I like the colour pink you?


----------



## chickenpersoon (Sep 11, 2021)

lovely_chooks said:


> I like the colour pink you?


mint green


----------



## chickenpersoon (Sep 11, 2021)

When you find out who is the sus is among us:








IMPOSTA

How bout THAT meme??!


----------



## lovely_chooks (Mar 19, 2021)

chickenpersoon said:


> When you find out who is the sus is among us:
> View attachment 42772
> 
> IMPOSTA
> ...


HAHAH I used to play among us it got boring though.


----------



## lovely_chooks (Mar 19, 2021)

Omg I don’t believe that I got a 100% on my chemistry quiz.


----------



## chickenpersoon (Sep 11, 2021)

Hi everyone! I am bored so I thought this would be the thread to ask: can ya'll send pictures for me to draw? it can be of your chickens, anything! @lovely_chooks I know you're good at this stuff and you like it- would you want me to draw Buttercup? It will probably not be as good as that one you did with markers but I will try.


----------



## lovely_chooks (Mar 19, 2021)

chickenpersoon said:


> Hi everyone! I am bored so I thought this would be the thread to ask: can ya'll send pictures for me to draw? it can be of your chickens, anything! @lovely_chooks I know you're good at this stuff and you like it- would you want me to draw Buttercup? It will probably not be as good as that one you did with markers but I will try.

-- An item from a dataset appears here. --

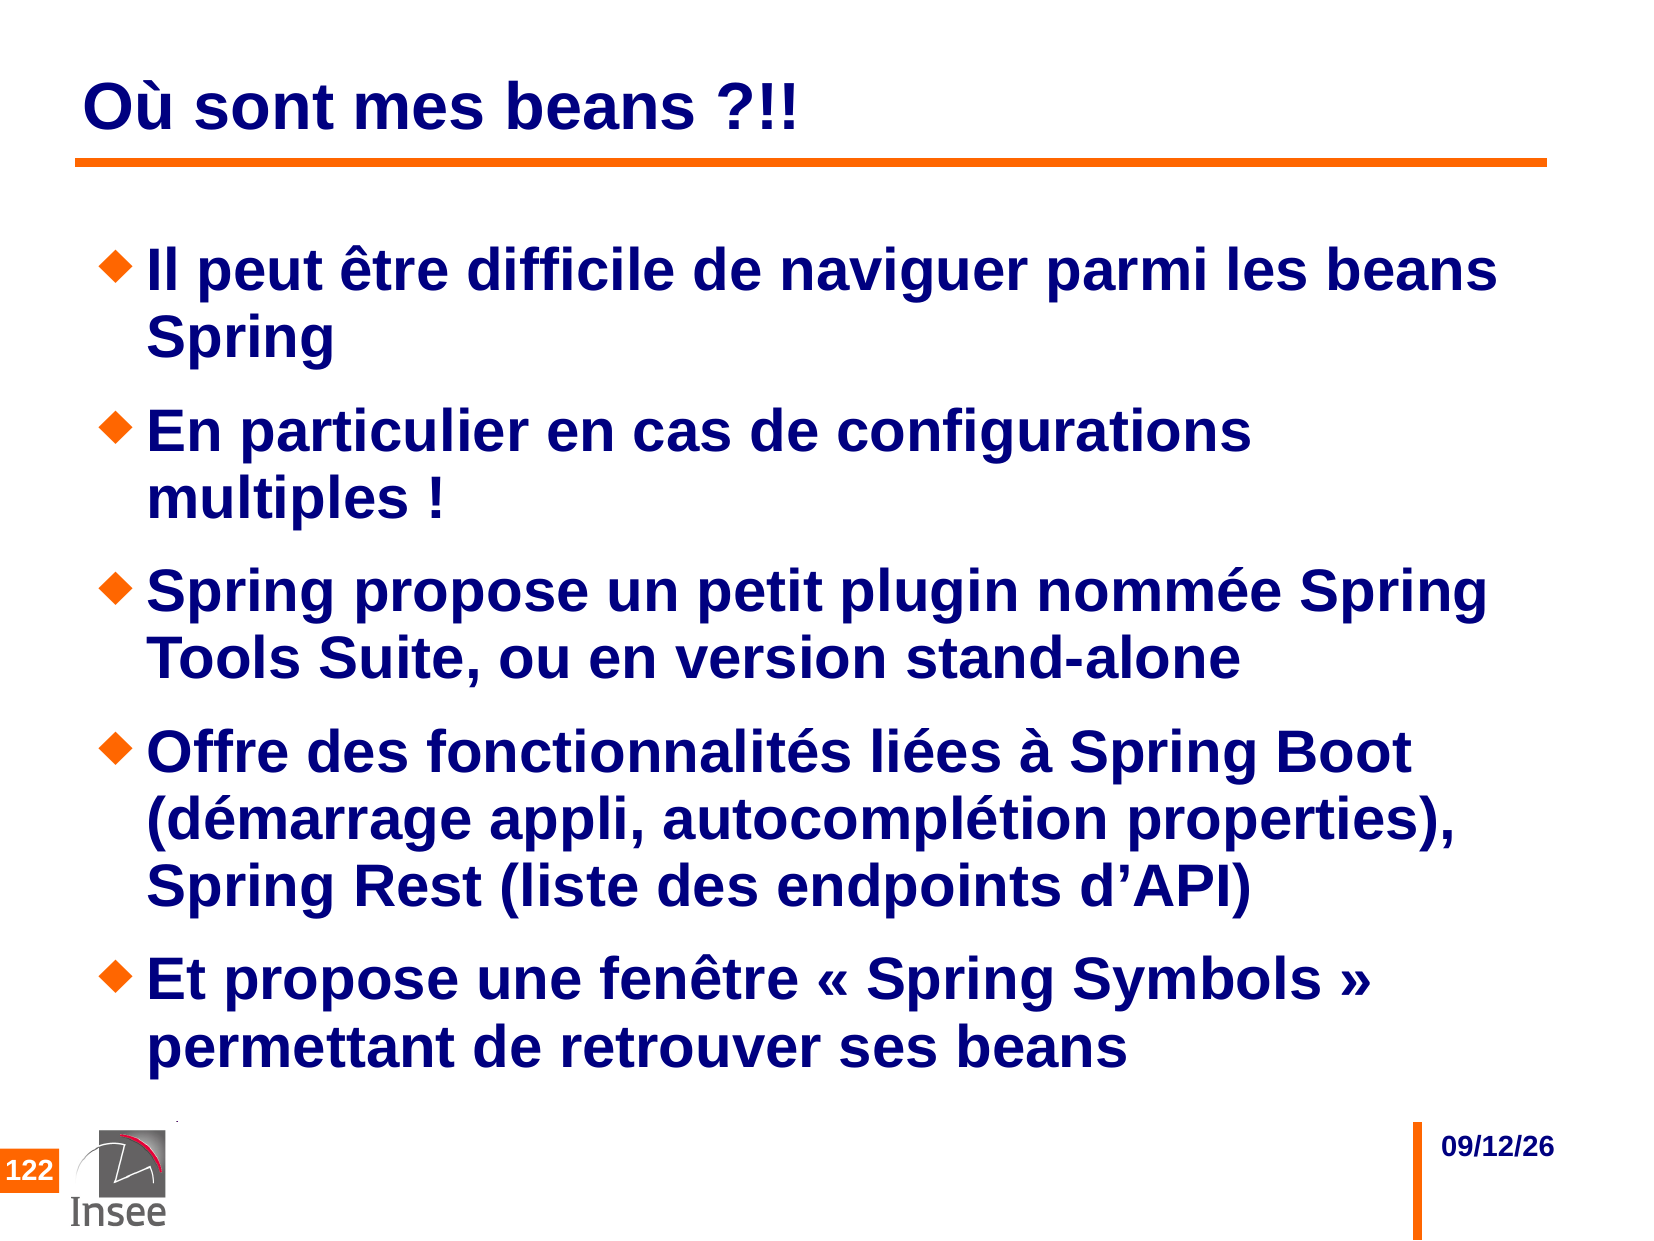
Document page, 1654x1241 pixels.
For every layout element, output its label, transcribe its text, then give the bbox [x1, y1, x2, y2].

picture [62, 1121, 178, 1241]
title Où sont mes beans ?!! [82, 49, 1619, 163]
list Il peut être difficile de naviguer parmi les beans Spring En particulier en cas de configurations multiples ! Spring propose un petit plugin nommée Spring Tools Suite, ou en version stand-alone Offre des fonctionnalités liées à Spring Boot (démarrage appli, autocomplétion properties), Spring Rest (liste des endpoints d’API) Et propose une fenêtre « Spring Symbols » permettant de retrouver ses beans [82, 236, 1548, 1087]

Of course. I don’t mind if it isn’t as good. Because you tried and put in effort I don’t really judge if it’s bad.


----------



## chickenpersoon (Sep 11, 2021)

lovely_chooks said:


> Of course. I don’t mind if it isn’t as good. Because you tried and put in effort I don’t really judge if it’s bad.

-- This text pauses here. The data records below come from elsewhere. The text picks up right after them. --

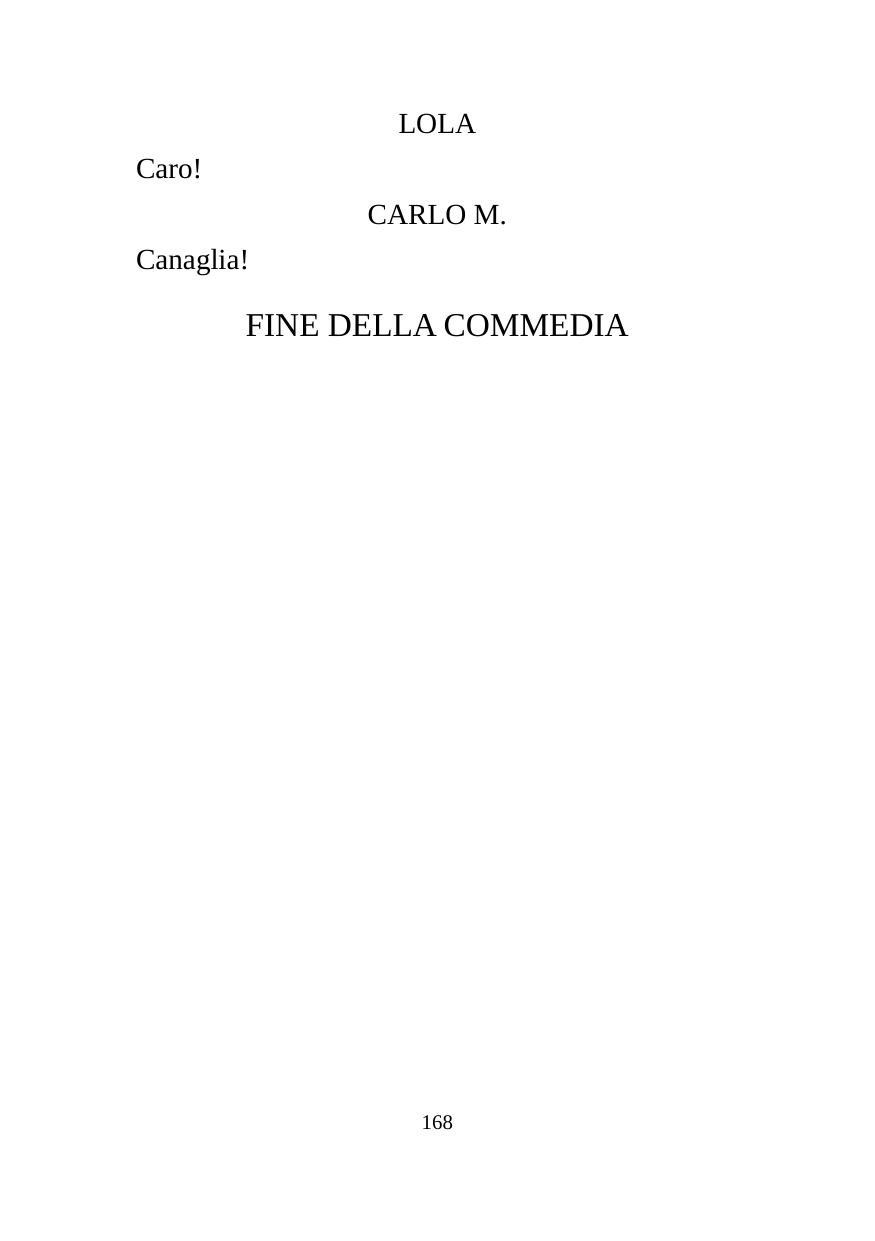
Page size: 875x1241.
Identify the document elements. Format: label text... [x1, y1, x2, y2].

text Canaglia! [106, 242, 768, 276]
text LOLA [106, 106, 768, 140]
text CARLO M. [106, 197, 768, 230]
text FINE DELLA COMMEDIA [106, 305, 768, 343]
text Caro! [106, 152, 768, 185]

thank you for believing in me! Could you send me your favorite picture of her?


----------



## lovely_chooks (Mar 19, 2021)

chickenpersoon said:


> thank you for believing in me! Could you send me your favorite picture of her?


Of course don’t compare yourself to other people because try improving on what you drew before. Everyone is different it’s ok bht I believe you can draw good! Do you have Instagram?


----------



## chickenpersoon (Sep 11, 2021)

lovely_chooks said:


> Of course don’t compare yourself to other people because try improving on what you drew before. Everyone is different it’s ok bht I believe you can draw good! Do you have Instagram?
> View attachment 42844


nope. But i'll try to draw that as soon as I have time. Its a busy week


----------



## lovely_chooks (Mar 19, 2021)

chickenpersoon said:


> nope. But i'll try to draw that as soon as I have time. Its a busy week


Take your time.


----------



## chickenpersoon (Sep 11, 2021)

lovely_chooks said:


> Take your time.


thx


----------